ADVOCATES, FACULTY OF, the collective term by which what
in England are called barristers are known in Scotland. They
professionally attend the supreme courts in Edinburgh; but
they are privileged to plead in any cause before the inferior
courts, where counsel are not excluded by statute. They may
act in cases of appeal before the House of Lords; and in some
of the British colonies, where the civil law is in force, it
is customary for those who practise as barristers to pass as
advocates in Scotland. This body has existed by immemorial
custom. Its privileges are constitutional, and are founded
on no statute or charter of incorporation. The body formed
itself gradually, from time to time, on the model of the
French corporations of avocats, appointing like them by
a general vote, a dean or doyen, who is their principal
officer. It also differs from the English and Irish societies
in that there is no governing body similar to the benchers,
nor is there any resemblance to the quasi-collegiate discipline
and the usages and customs prevailing in an inn of court.

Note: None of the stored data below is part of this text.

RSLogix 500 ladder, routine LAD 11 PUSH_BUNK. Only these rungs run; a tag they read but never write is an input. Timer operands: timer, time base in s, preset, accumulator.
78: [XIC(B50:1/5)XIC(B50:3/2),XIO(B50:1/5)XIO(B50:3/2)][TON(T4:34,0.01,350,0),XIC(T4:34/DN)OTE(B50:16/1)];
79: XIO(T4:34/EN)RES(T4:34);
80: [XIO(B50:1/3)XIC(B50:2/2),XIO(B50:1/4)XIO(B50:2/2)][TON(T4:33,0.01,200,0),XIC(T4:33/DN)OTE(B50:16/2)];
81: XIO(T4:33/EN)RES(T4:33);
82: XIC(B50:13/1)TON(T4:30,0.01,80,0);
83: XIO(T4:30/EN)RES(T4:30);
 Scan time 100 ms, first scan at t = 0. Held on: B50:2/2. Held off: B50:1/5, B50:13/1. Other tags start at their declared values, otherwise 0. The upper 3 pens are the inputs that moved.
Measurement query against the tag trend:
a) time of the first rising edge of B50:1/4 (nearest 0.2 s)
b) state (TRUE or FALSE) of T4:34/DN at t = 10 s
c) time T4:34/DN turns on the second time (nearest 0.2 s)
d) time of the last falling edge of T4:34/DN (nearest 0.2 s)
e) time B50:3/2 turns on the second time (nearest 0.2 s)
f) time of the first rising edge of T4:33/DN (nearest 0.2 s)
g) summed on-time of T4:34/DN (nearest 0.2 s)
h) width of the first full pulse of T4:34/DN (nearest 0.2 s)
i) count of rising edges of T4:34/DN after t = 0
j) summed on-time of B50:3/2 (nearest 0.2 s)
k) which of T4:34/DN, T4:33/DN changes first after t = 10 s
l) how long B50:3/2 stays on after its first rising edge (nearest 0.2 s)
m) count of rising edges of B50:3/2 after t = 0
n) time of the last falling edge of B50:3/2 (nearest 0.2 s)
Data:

No curriculum of study, residence or professional training
was, until 1856, required on entering this profession; but the
faculty have always had the power, believed to be liable to
control by the Court of Session, of rejecting any candidate for
admission. The candidate undergoes two private examinations
--the one in general scholarship, in lieu of which, however,
he may produce evidence of his having graduated as master
of arts in a Scottish university, or obtained an equivalent
degree in an English or foreign university; and the other,
at the interval of a year, in Roman, private international
and Scots law, He must, before the latter examination,
produce evidence of attendance at classes of Scots law and
conveyancing in a Scottish university, and at classes of
civil law, public or international law, constitutional law
and medical jurisprudence in a Scottish or other approved
university. He has then to undergo the old academic form
of the public impugnment of a thesis on some title of the
pandects; but this ceremony, called the public examination,
has degenerated into a mere form. A large proportion of the
candidate's entrance fees (amounting to L. 339) is devoted
to the magnificent library belonging to the faculty, which
literary investigators in Edinburgh find so eminently useful.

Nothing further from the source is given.